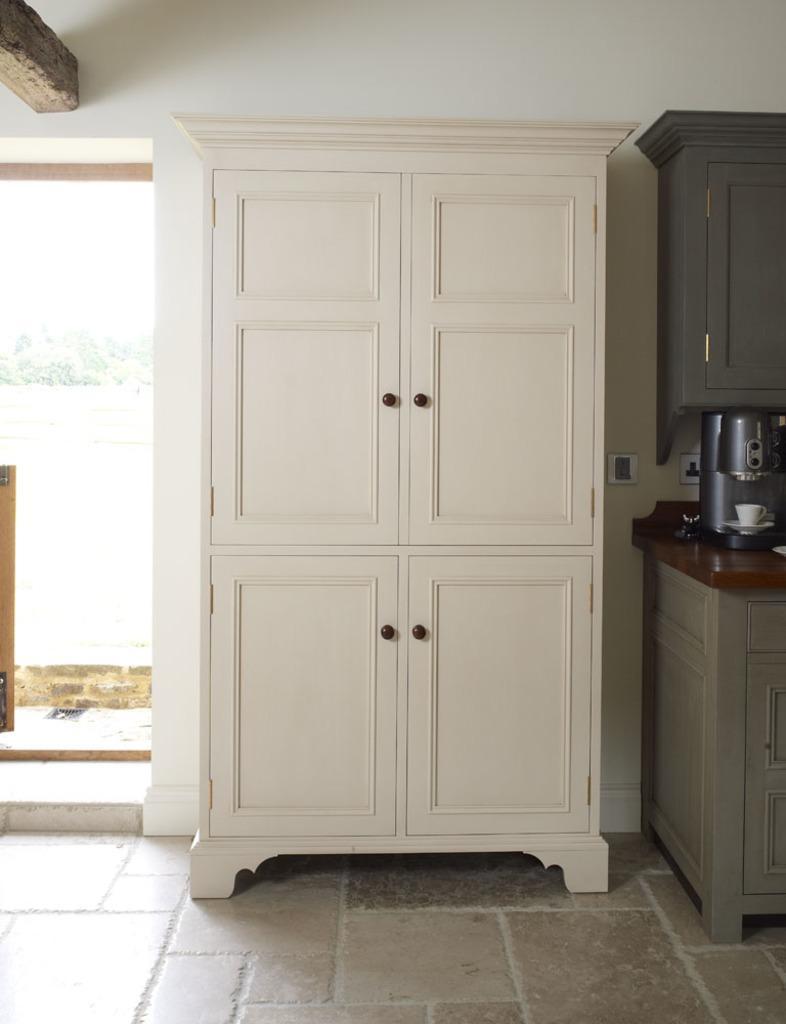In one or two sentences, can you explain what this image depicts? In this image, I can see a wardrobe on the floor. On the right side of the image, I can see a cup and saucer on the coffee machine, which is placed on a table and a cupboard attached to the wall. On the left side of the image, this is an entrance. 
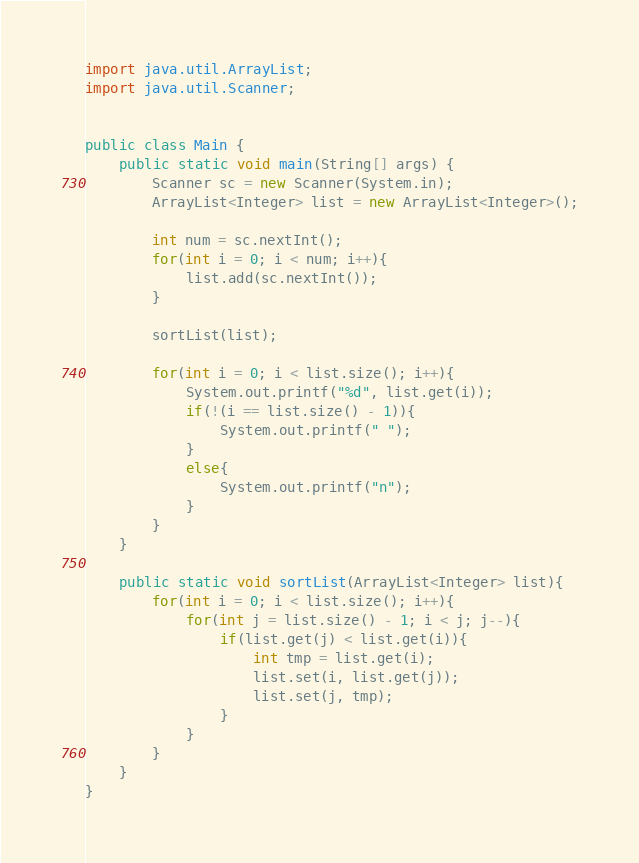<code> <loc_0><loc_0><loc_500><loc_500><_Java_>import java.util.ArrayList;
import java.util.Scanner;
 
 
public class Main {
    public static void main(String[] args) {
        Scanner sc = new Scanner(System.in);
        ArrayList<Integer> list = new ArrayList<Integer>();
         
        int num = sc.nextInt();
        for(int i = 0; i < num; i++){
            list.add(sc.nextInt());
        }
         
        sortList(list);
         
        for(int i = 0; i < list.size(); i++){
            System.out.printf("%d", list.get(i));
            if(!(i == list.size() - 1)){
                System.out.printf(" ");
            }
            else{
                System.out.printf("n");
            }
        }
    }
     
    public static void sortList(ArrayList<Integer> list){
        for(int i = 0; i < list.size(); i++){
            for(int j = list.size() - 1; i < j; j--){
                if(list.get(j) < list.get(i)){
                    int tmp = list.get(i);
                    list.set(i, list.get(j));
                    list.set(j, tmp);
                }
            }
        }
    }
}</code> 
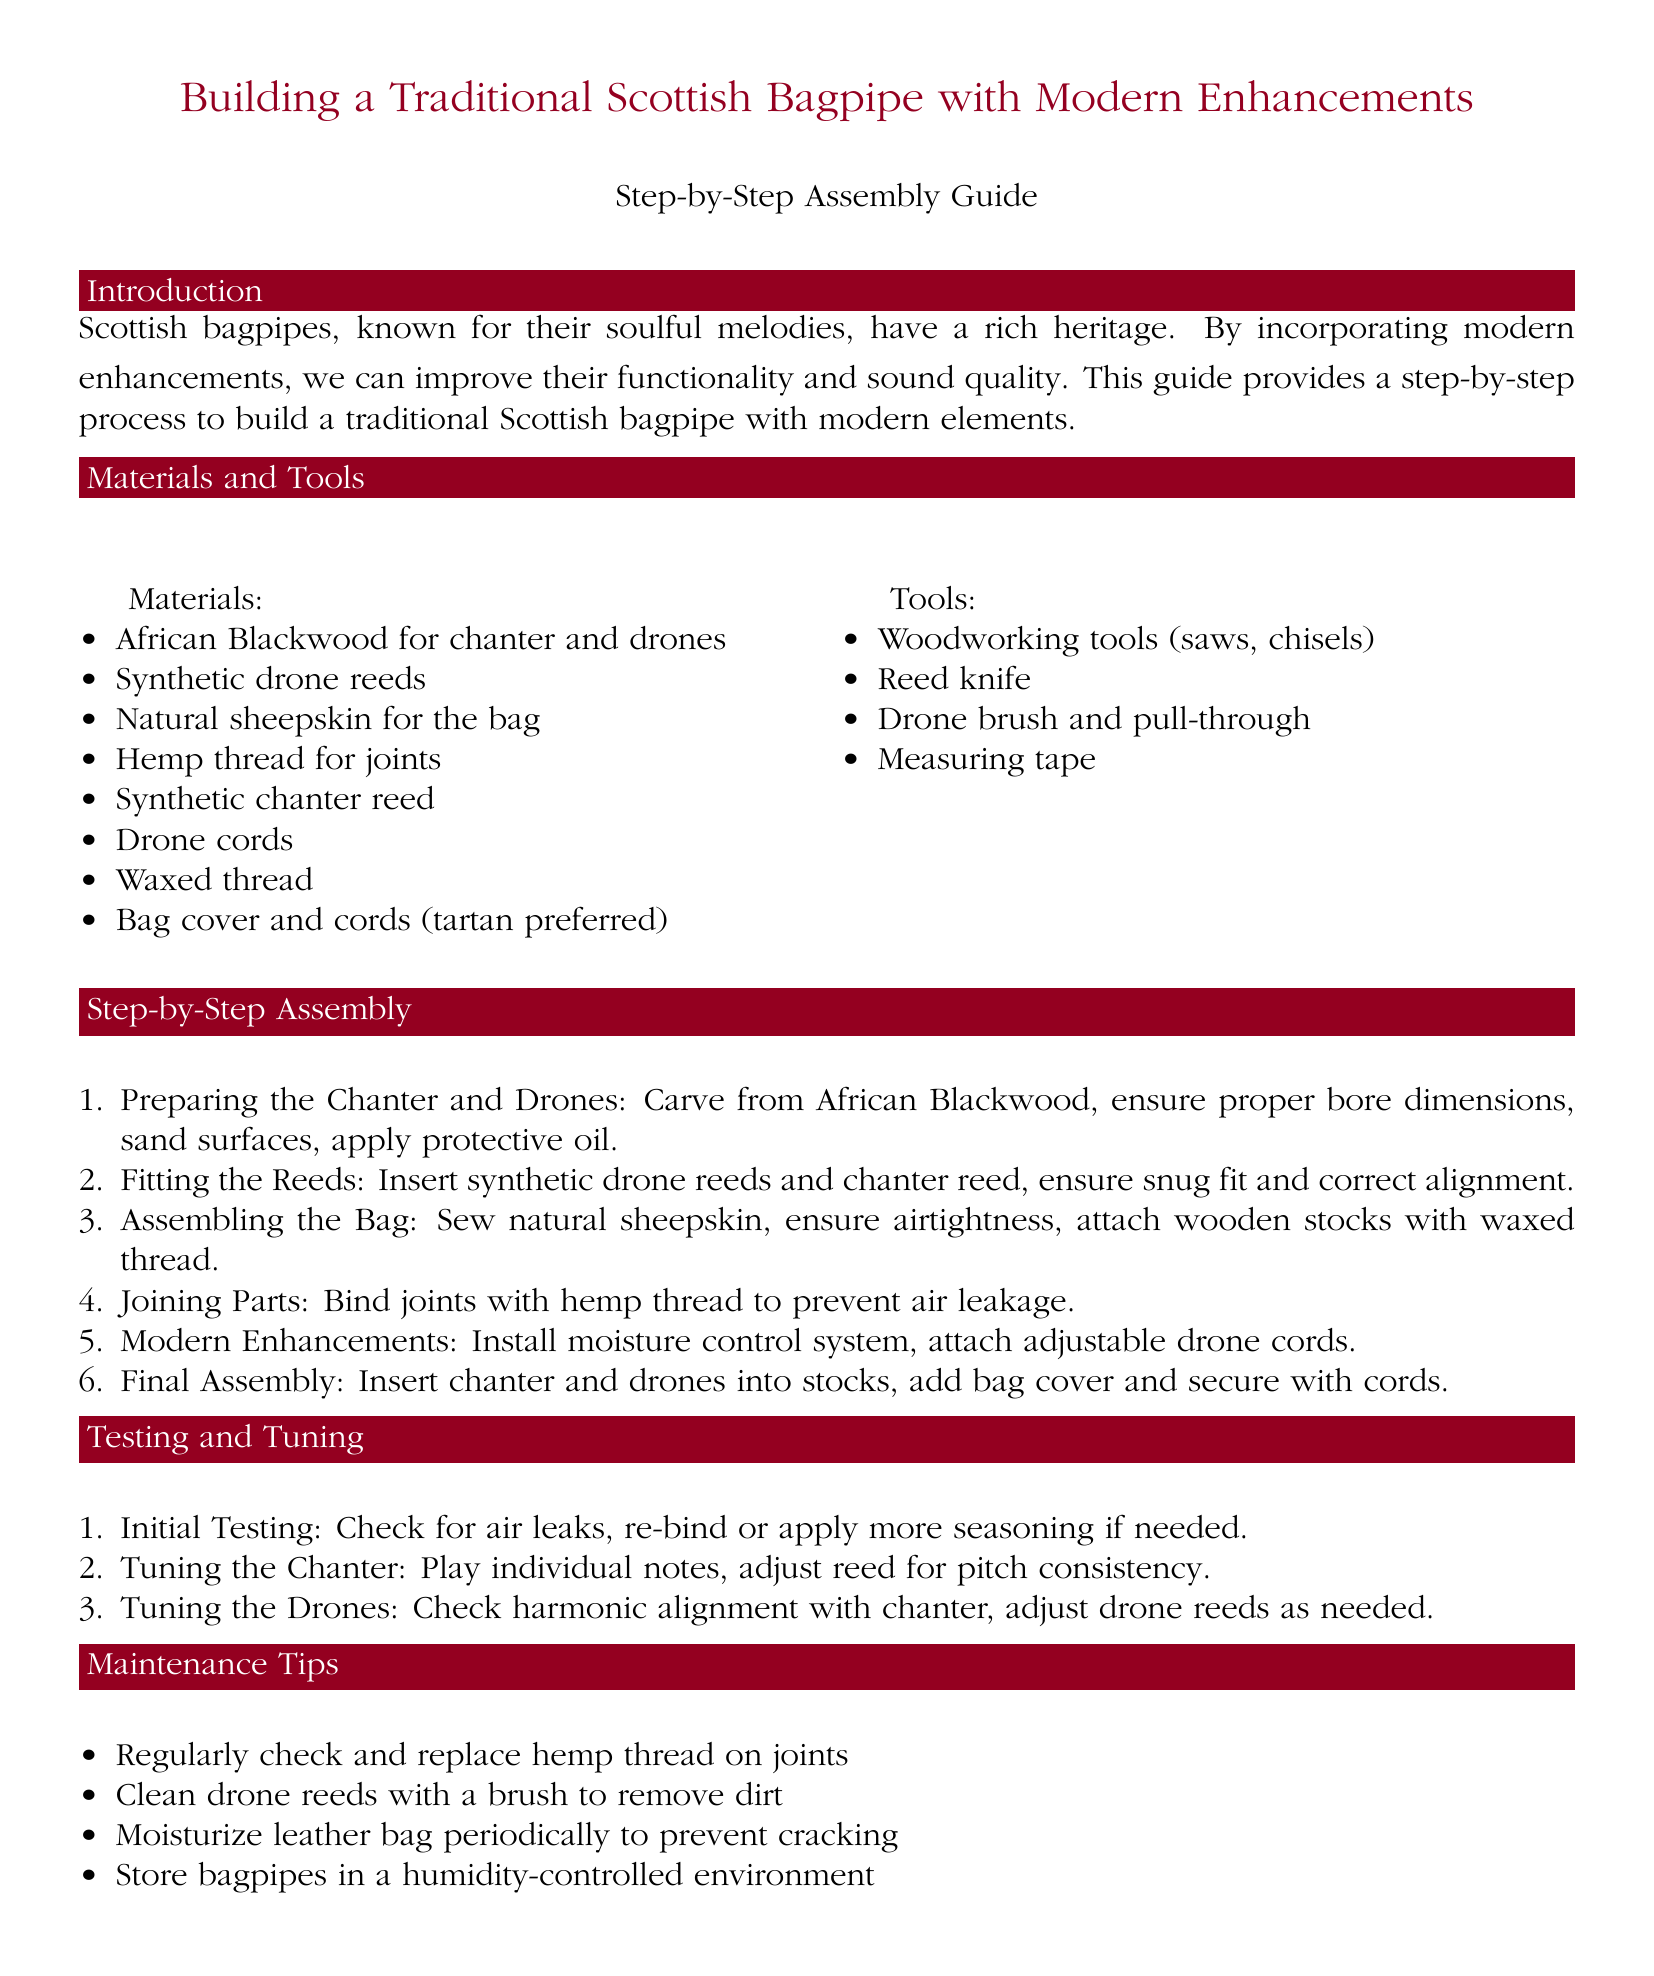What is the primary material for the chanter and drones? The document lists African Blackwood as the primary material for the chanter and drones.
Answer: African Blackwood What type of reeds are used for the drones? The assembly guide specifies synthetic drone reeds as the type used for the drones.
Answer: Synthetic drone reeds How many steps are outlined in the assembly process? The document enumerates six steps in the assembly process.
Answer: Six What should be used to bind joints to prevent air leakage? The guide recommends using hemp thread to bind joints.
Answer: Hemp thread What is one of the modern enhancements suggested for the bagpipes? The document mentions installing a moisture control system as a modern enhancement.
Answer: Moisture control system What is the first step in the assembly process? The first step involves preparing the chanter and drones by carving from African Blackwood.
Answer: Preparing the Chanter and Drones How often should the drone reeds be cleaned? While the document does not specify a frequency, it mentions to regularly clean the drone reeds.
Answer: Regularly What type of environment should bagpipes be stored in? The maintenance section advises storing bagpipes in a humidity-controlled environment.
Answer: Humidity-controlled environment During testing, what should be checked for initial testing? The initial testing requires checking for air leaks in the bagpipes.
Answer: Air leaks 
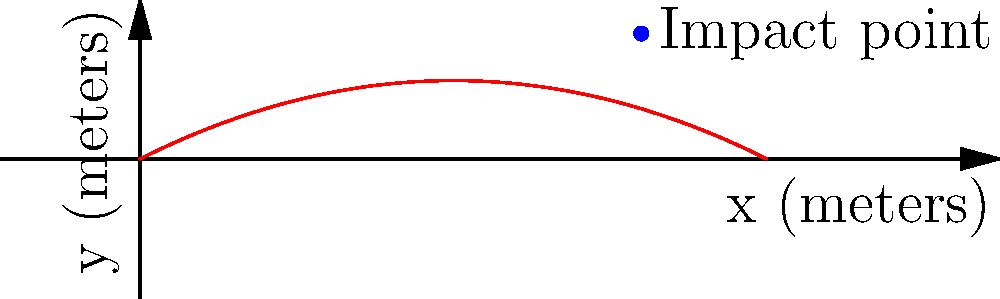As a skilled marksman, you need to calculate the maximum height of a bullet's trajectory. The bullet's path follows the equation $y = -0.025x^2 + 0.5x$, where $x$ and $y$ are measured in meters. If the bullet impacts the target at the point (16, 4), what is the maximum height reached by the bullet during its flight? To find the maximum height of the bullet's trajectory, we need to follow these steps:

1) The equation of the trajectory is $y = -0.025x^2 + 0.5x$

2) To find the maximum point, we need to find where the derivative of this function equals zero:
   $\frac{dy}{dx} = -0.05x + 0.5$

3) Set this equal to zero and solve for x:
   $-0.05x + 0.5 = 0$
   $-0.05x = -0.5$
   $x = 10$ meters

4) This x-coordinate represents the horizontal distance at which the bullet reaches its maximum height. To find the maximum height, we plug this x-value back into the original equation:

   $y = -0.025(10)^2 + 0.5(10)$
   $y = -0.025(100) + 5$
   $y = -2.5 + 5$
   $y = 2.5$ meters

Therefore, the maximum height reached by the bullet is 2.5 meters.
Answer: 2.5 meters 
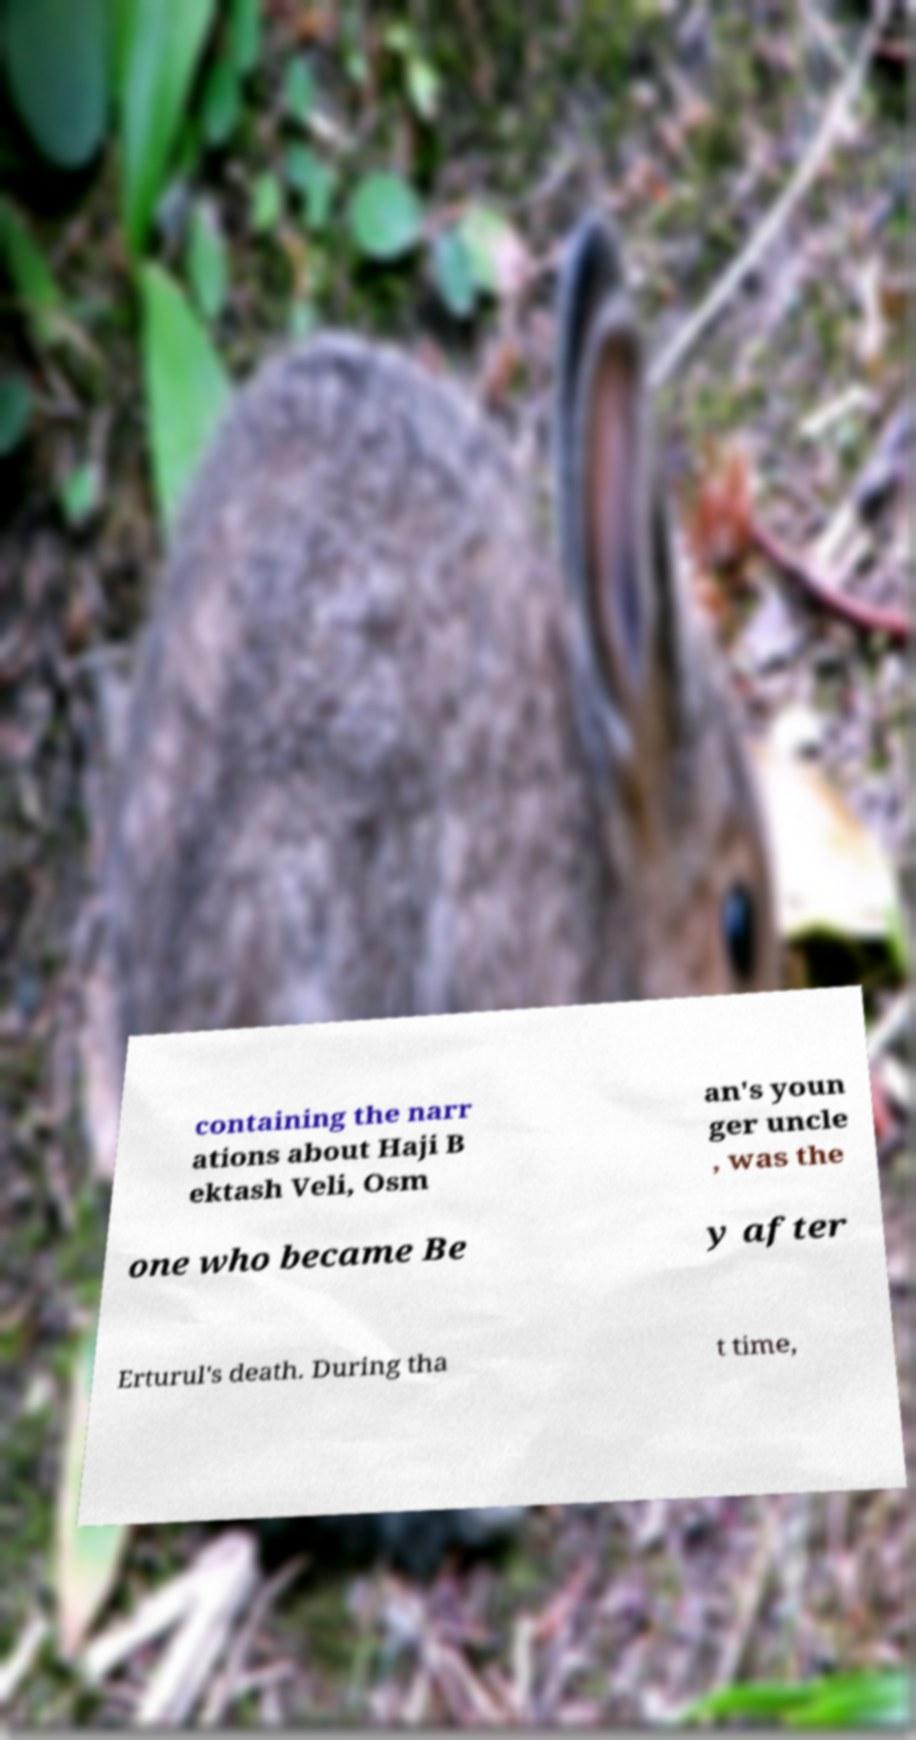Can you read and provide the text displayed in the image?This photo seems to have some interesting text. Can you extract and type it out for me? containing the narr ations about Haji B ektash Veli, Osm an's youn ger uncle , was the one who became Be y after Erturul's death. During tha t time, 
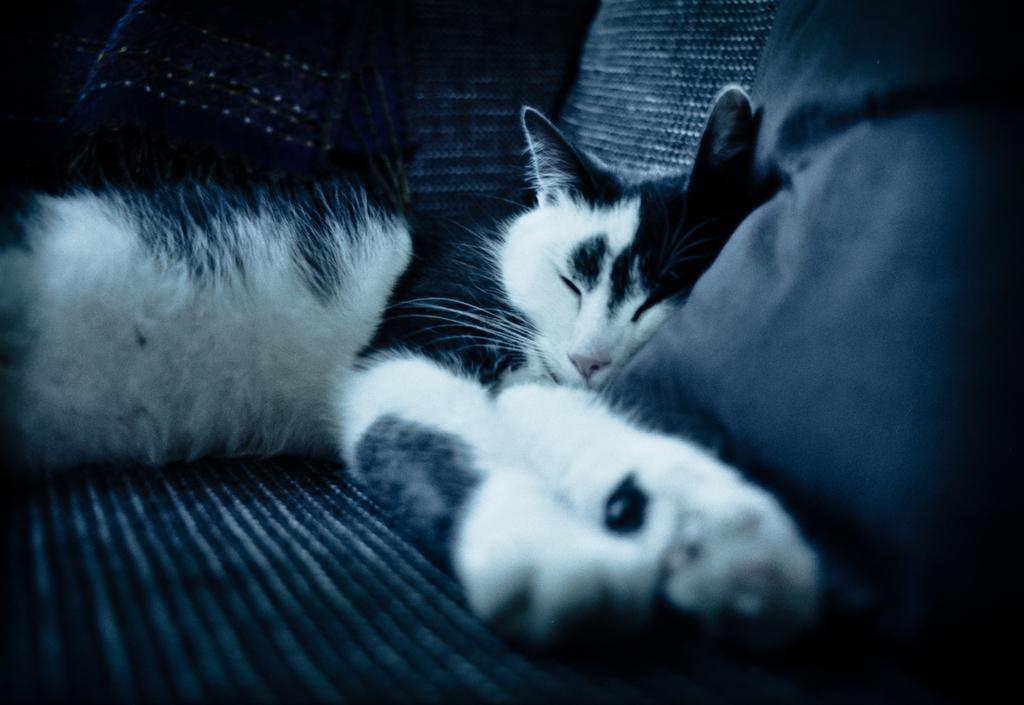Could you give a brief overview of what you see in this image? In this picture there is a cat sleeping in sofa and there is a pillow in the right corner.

--------------------------------------------------

#### [WHAT NEEDS TO BE DONE]
Show every line from the entries above in which the word "Integer" appears.

#### [ANSWER BELOW]
        ArrayList<Integer> list = new ArrayList<Integer>();
    public static void sortList(ArrayList<Integer> list){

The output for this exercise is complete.